Framing Taxes: Making the Reasonable Seem Unreasonable

Framing Taxes: Making the Reasonable Seem Unreasonable

We are within weeks of final public hearings and final actions on municipal budgets across the state.

One of the ways decisions about taxes and fees are reported is to translate the millage rate or fee amount into a percentage change. This is perfectly reasonable; it’s a way of gaining a sense of proportion related to the increase.

But these proportions can be . . . well, out of proportion when isolated from the overall financial picture.

A simple hypothetical makes the point.

Suppose a city generates revenue from three sources in equal shares: roughly one third of all general revenue from each source. Suppose further that these three sources all generate revenue from everyone in the city, and roughly equally (just to take the interest group politics out of the conversation for a moment).

Looking ahead, the city staff and council, with no plans to expand or improve any service the city provides, conclude that they will need 2% more revenue next year than this in anticipation of rising costs (the CPI has been hovering around 1.8% year-over-year for the last few months, excluding energy and food costs, which dropped dramatically but now are rebounding). One option: increase the rate or fee from all three sources by 2%. Another: increase only one rate or fee by 6%.

Both approaches produce the same increase in revenue. Both approaches actually have the exact same effect on the citizenry in my simplified city.

But the latter approach produces a somewhat disturbing headline: City Raises Tax by 6%. The story might include citizens or pundits opining that 6% is three times the CPI, etc., etc.

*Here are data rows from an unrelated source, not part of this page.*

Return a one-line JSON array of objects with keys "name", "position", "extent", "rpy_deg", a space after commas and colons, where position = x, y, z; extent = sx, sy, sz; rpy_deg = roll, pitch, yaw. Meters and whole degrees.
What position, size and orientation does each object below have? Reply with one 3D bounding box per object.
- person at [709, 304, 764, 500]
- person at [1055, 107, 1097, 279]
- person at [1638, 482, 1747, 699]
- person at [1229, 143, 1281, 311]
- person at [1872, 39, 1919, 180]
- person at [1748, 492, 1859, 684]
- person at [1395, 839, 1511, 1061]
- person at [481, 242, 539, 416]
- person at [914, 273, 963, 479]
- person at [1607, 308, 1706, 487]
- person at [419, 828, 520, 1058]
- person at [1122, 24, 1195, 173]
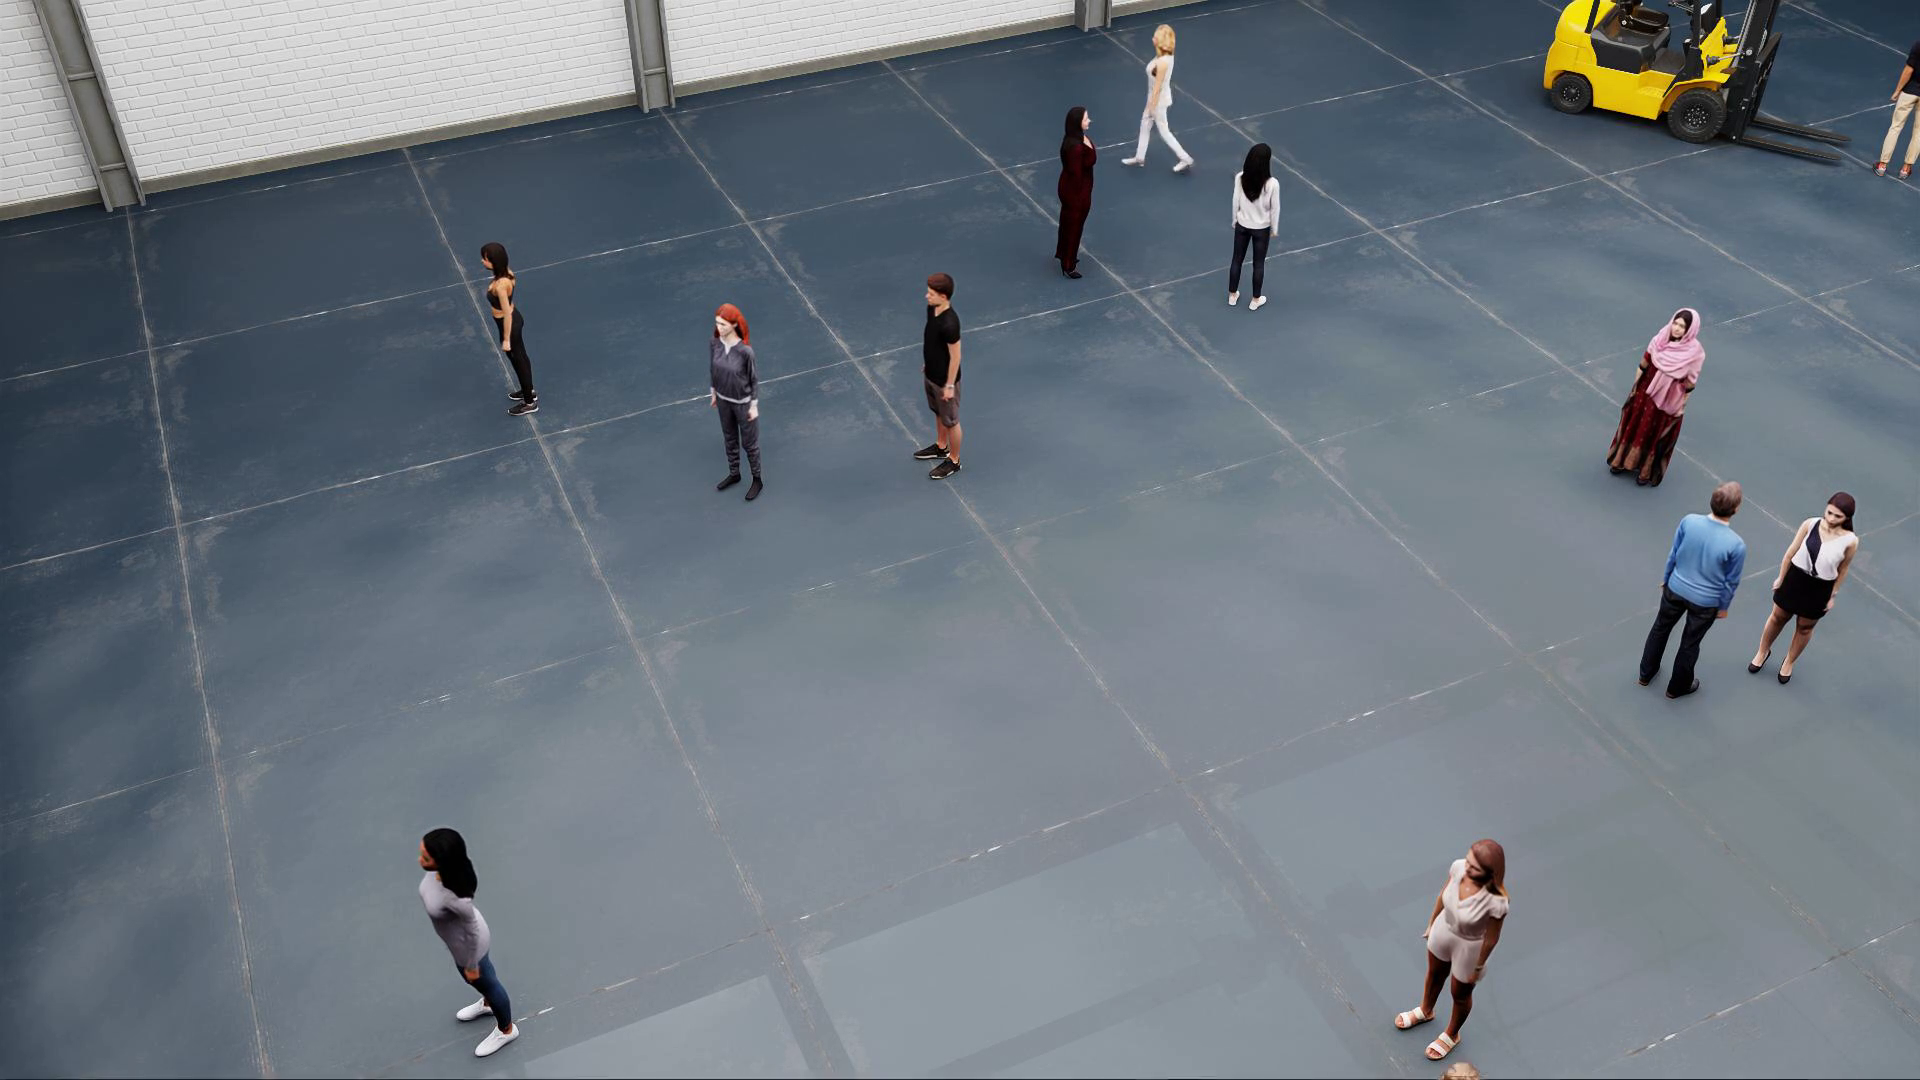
[{"name": "person", "position": [-1.825, -1.135, 13.542], "extent": [0.658, 1.780, 0.683], "rpy_deg": [19, 42, 22]}, {"name": "person", "position": [1.125, -3.457, 16.467], "extent": [0.743, 1.757, 0.750], "rpy_deg": [0, 39, -1]}, {"name": "person", "position": [5.153, 0.345, 11.657], "extent": [0.681, 1.820, 0.717], "rpy_deg": [-30, 47, -32]}, {"name": "person", "position": [2.808, -3.015, 15.960], "extent": [0.711, 1.700, 0.751], "rpy_deg": [17, 42, 20]}, {"name": "person", "position": [10.459, -4.851, 18.131], "extent": [0.708, 1.859, 0.750], "rpy_deg": [16, 41, 19]}, {"name": "person", "position": [6.014, 0.339, 11.802], "extent": [0.641, 1.648, 0.654], "rpy_deg": [24, 44, 27]}, {"name": "person", "position": [2.818, 2.266, 9.349], "extent": [0.576, 1.697, 0.581], "rpy_deg": [-20, 43, -24]}, {"name": "person", "position": [-3.933, -1.864, 14.563], "extent": [0.578, 1.643, 0.617], "rpy_deg": [-5, 39, -7]}, {"name": "person", "position": [-0.138, -1.383, 13.787], "extent": [0.557, 1.861, 0.687], "rpy_deg": [-15, 41, -18]}, {"name": "person", "position": [5.787, -1.201, 13.738], "extent": [0.746, 1.638, 0.732], "rpy_deg": [30, 48, 32]}, {"name": "person", "position": [-2.765, 2.233, 9.360], "extent": [0.536, 1.735, 0.617], "rpy_deg": [-19, 42, -22]}, {"name": "person", "position": [2.265, -4.806, 18.249], "extent": [1.122, 1.642, 0.993], "rpy_deg": [8, 39, 9]}]
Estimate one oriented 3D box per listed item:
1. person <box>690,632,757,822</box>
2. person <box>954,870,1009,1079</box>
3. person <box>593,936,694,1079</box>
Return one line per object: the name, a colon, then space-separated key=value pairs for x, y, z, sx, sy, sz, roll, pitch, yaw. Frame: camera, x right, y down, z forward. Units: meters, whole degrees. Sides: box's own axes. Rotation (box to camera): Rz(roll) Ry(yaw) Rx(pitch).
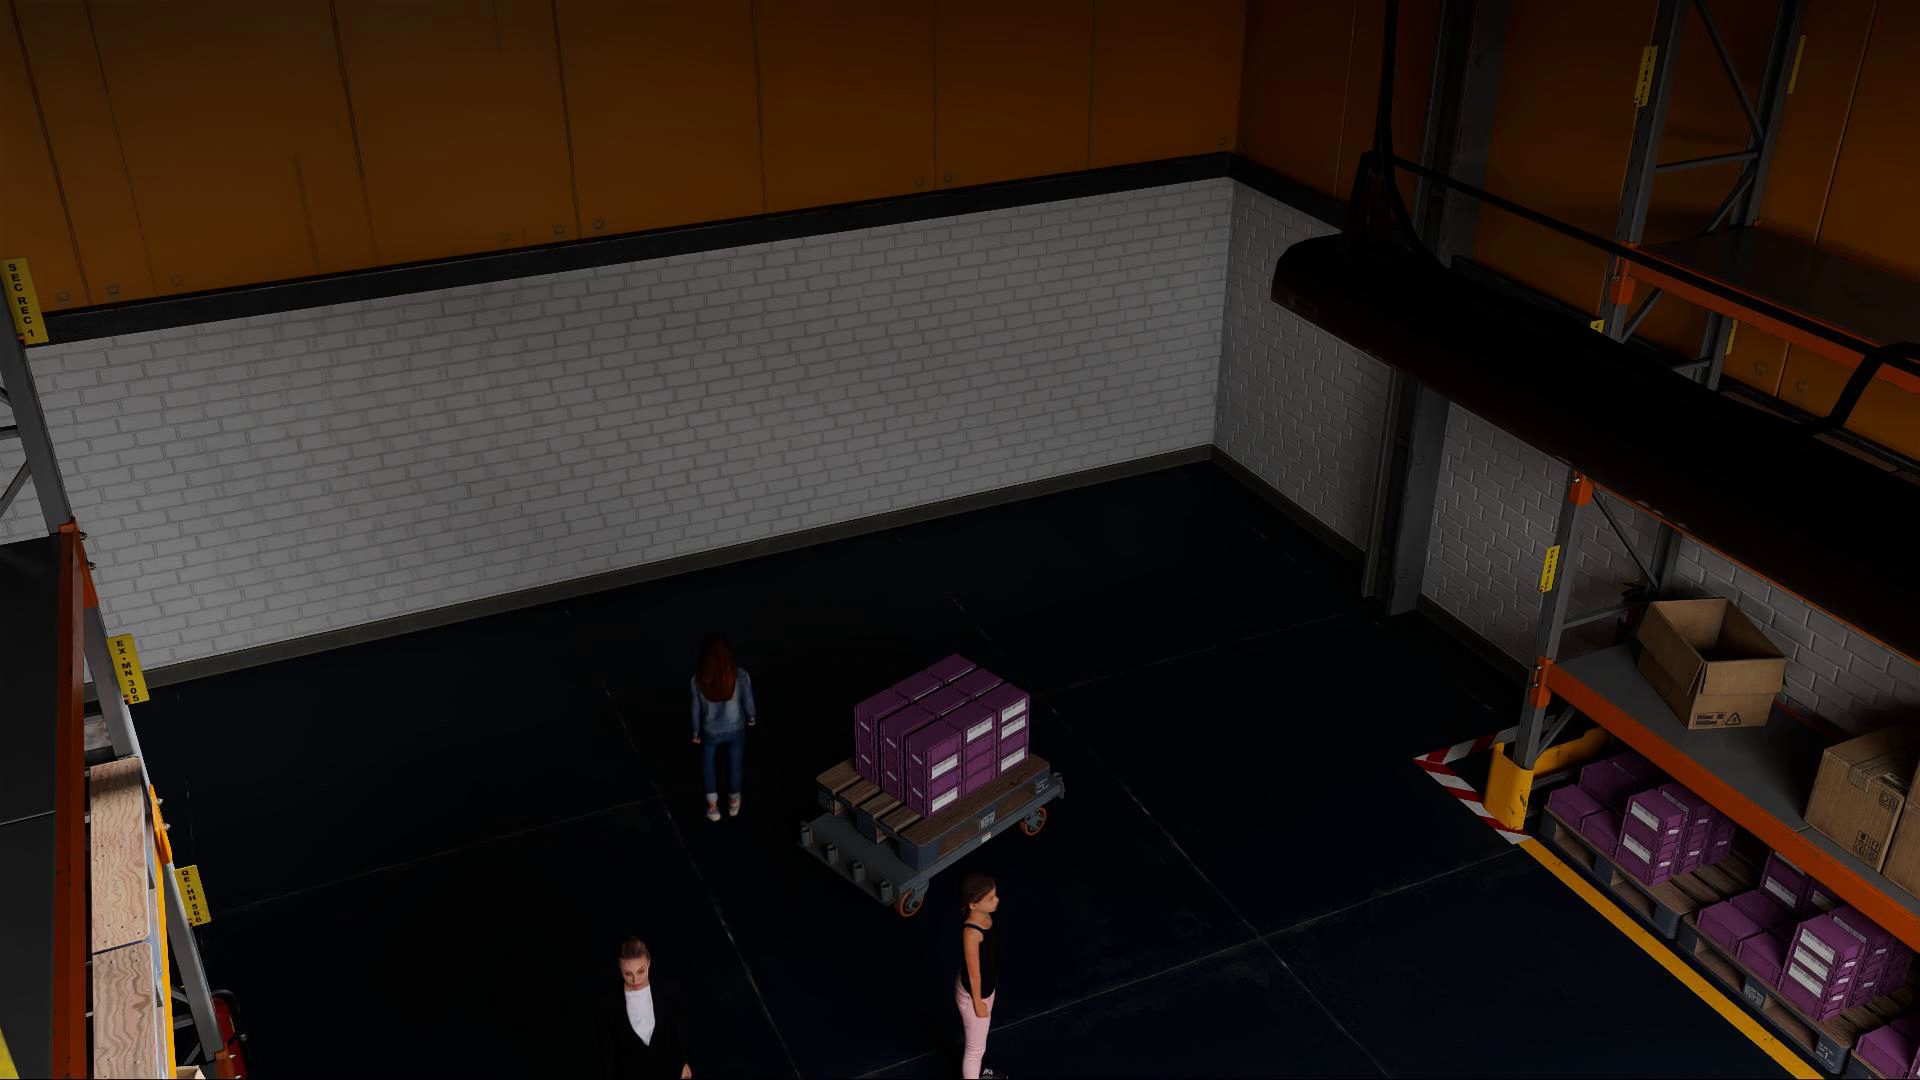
person: x=-1.573 y=1.273 z=11.063 sx=0.659 sy=1.472 sz=0.672 roll=-4 pitch=29 yaw=-7
person: x=0.094 y=2.400 z=8.899 sx=0.679 sy=1.565 sz=0.595 roll=4 pitch=29 yaw=7
person: x=-1.554 y=2.652 z=8.291 sx=0.628 sy=1.706 sz=0.539 roll=-11 pitch=30 yaw=-19

Nothing in that headline or that story would need to be false in any way for a very misleading impression to be left with the public.

But it gets worse. Suppose my mythical city actually generates 80% of its revenue from just two of the sources, while the third provides only 20%. Suppose that third source is chosen to pick up the cost of inflation for the next year. Covering a 2% increase in overall cost would require a 10% increase in this one fee.

Now we’re into double digits . . . and there’s every likelihood that folks will go nuts.

But it’s the same as a 2% increase across the three fees . . . which would seem perfectly reasonable to the press and the public, in sync with CPI and our own household realities.

Of course, it’s never this simple. Each source of revenue affects different constituencies differently.

But the simple fact is that these often prudent decisions about how to meet rising costs through selective fee and rate increases can and are framed as absurd grabs for money by an irresponsible government. This numbers game is played on social media and in the press. And, absent the larger frame of municipal government revenue, it’s very hard to defend.

But defend these decisions we must. Our complex revenue structure requires thoughtful management. And our complex range of services must be provided effectively as well as efficiently.

It’s a challenge . . . a painful one. We need to push reporters and editors to tell the whole story, so the context of any increase is clear. We need to urge editors to rein in headline writers with a flair for the overly dramatic.

Even though those efforts often will fail, we need to stay the course, make the right call, and invest ourselves in helping our citizens find the right frame for thinking about their cities.